Farid (à droite, il ne veut pas montrer son visage) pose avec son ami. Il n’avait pas la tête aux élections mais est allé voter pour Jeanne Barseghian (Strasbourg écologiste et citoyenne) (Photo DL / Rue89 Strasbourg / cc)

« S’ils sont tous comme Macron… »

Dans le parc de la Citadelle, Mehdi raconte qu’il n’a pas attendu la crise sanitaire pour être rebuté par l’idée d’aller voter. « Les politiciens promettent des choses, on vote pour eux, et puis ils ne font rien », lâche-t-il. Inscrit au bureau de l’ARES, ce trentenaire fait partie des trois quarts d’électeurs restés chez eux en mars. La crise a simplement confirmé son « dégoût de la politique » nationale comme locale :

« S’ils sont tous comme Macron, on n’est pas aidé. Le Président a menti sur les masques, a mal géré l’approvisionnement… On n’a plus confiance en personne. »

Même son de cloche un peu plus loin chez Éric et Valentin, qui s’envoient tour à tour un ballon de rugby sur une pelouse. Les deux jeunes gens ne s’intéressent « pas du tout » aux élections. « Mais on ne se plaint pas. Qui ne vote pas ne peut pas se permettre de râler ensuite », détaille l’un d’eux.

La Citadelle rassemble une grande diversité d’habitants. Beaucoup estiment que leur quartier n’est pas la priorité de la Ville (Photo DL / Rue89 Strasbourg / cc)

Voter pour des personnalités locales

Pourtant, certains sont persuadés que la politique locale est différente. Pour Laurent (le prénom a été changé), une majorité locale a une réelle influence sur le quotidien. Cet enseignant de 40 ans, n’a « jamais raté une élection » vote davantage pour « une personnalité » qu’un programme. Le 28 juin, ce sera pour Catherine Trautmann (PS), sans hésitation, car elle est « vraiment populaire », au sens premier du terme :

« Il y a 6 ans, j’ai préféré Mme Keller à M. Ries, car elle faisait preuve de beaucoup plus de proximité. On la voyait aux kermesses, au marché. M. Ries, je ne l’ai jamais vu nulle part. Or, c’est quand même la base pour un maire. »

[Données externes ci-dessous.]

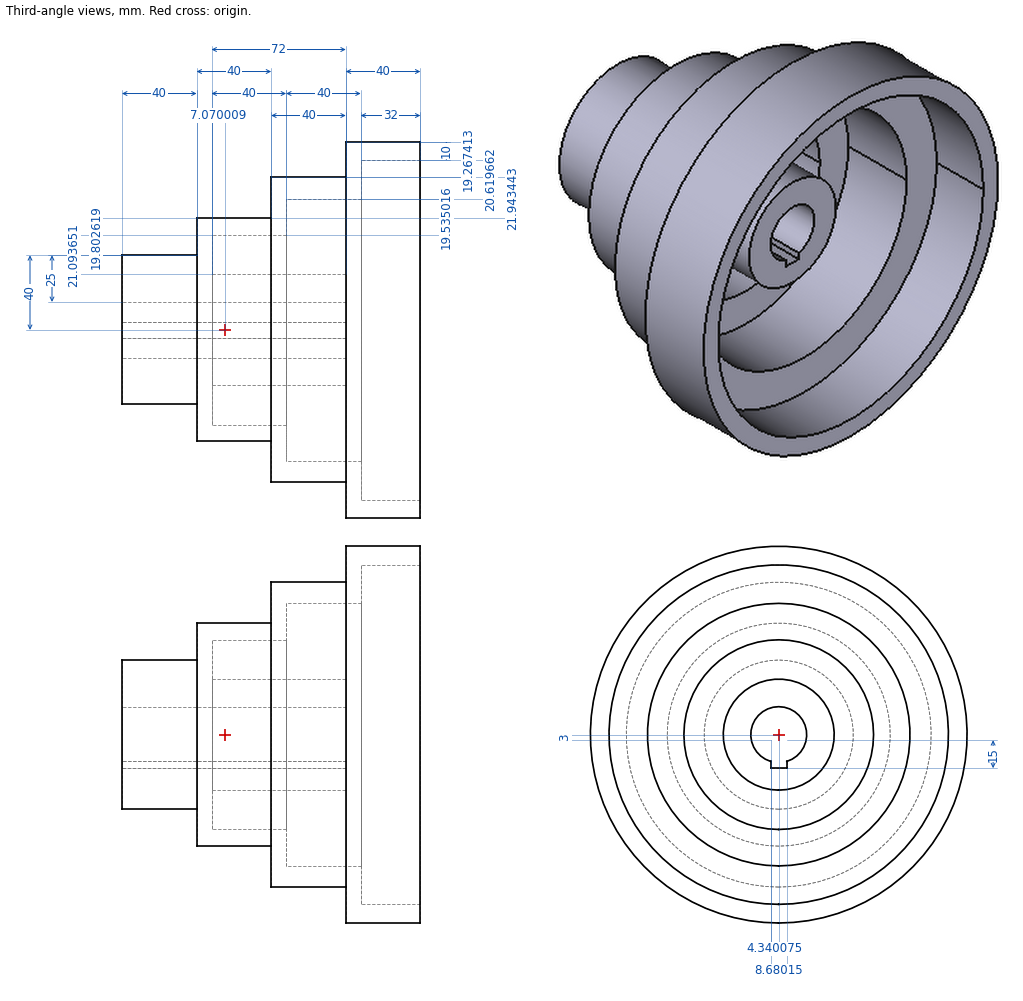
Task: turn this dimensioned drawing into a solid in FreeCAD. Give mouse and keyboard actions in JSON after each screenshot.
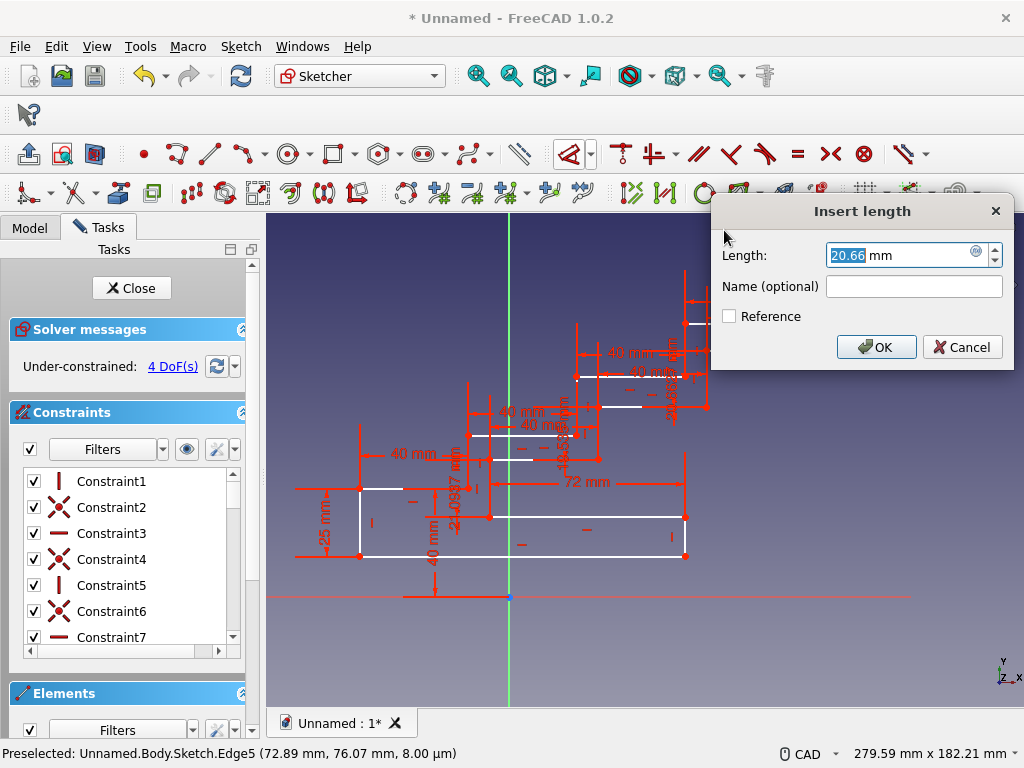
{"action": "type", "text": "20.619662"}
{"action": "key", "text": "Return"}

Lui qui est venu ce soir-là récupérer son panier de légumes à la distribution de « La Ruche qui dit oui » préférait l’adjointe de quartier entre 2008 et 2014, Michèle Seiler (qui ne se représente pas), « plus proche des résidents » que ses successeurs, Olivier Bitz puis Nicolas Matt.

Le parking du parc de la Citadelle est devenu payant en 2016, ce que Corinne trouve dommage (Photo DL/Rue 89 Strasbourg/cc)

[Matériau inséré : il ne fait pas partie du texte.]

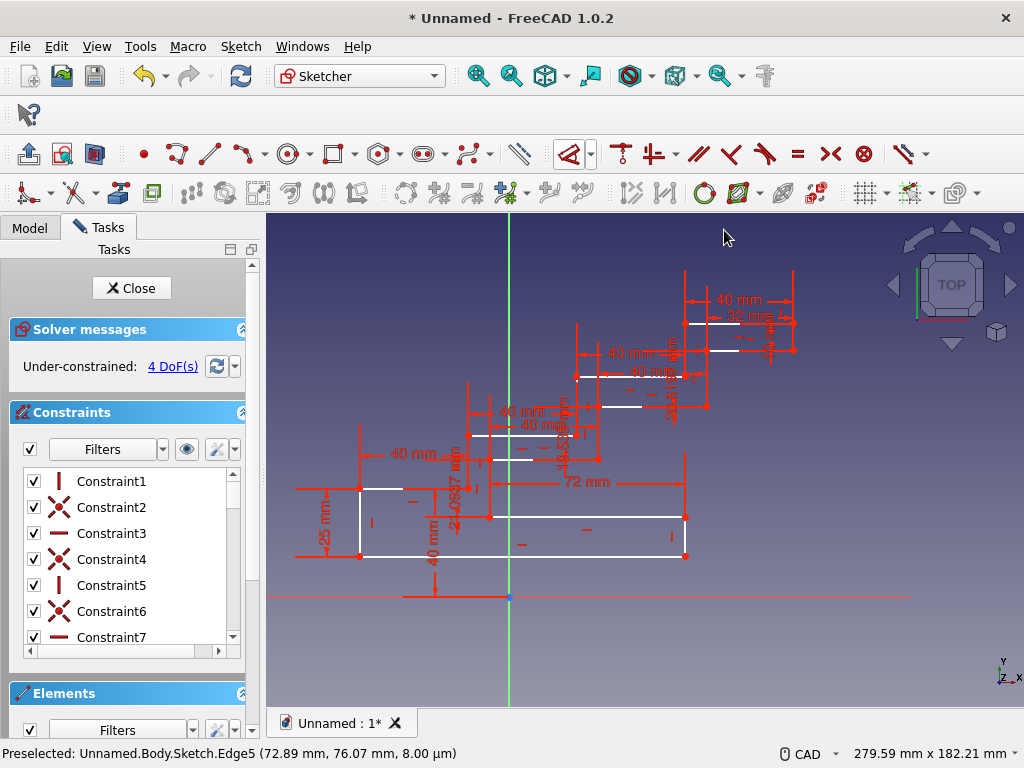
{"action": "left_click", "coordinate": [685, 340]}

Laurent se sent bien à l’Esplanade, « un quartier tranquille » mais, il avance qu’il faudrait « régler un jour la question de l’ASERE ». Ce « super syndicat » de propriétaires gère le chauffage urbain, les espaces verts, les trottoirs et parkings. Cela a pour conséquence que les habitants payent davantage de charges. « Deux fois plus qu’ailleurs », a calculé Laurent. Rue89 Strasbourg s’était penché sur le fonctionnement opaque de l’ASERE, qui soulève des questions de transparence et de participation démocratique.

Stéphane (le prénom a été changé) a aussi fait son choix en raison d’une personnalité. Sur son chemin pour aller faire du badminton au parc, il répond qu’il votera pour « son ami Alain Fontanel ». L’alliance du premier adjoint avec Jean-Philippe Vetter (LR) ne change pas son choix :

« Je trouvais le programme de Vetter pas mal non plus. Ce qui m’a davantage posé problème dans le choix de Fontanel, c’est l’investiture « En Marche ». En votant pour lui, j’ai voté LREM, et je n’adhère pas du tout à cette étiquette… »

Stéphane votera pour son ami Alain Fontanel, sans s’émouvoir de l’alliance avec Les Républicains (Photo DL/Rue 89 Strasbourg/cc)

Il se déplace donc aux urnes par affinités, mais aussi par devoir civique :

« J’ai toujours voté, et la crise sanitaire ne me refroidit pas du tout. Je suis français, mon vote compte, j’ai mon mot à dire sur le choix du maire. »

Comme ses voisins, il espère que le quartier sera davantage pris en compte à partir de juillet.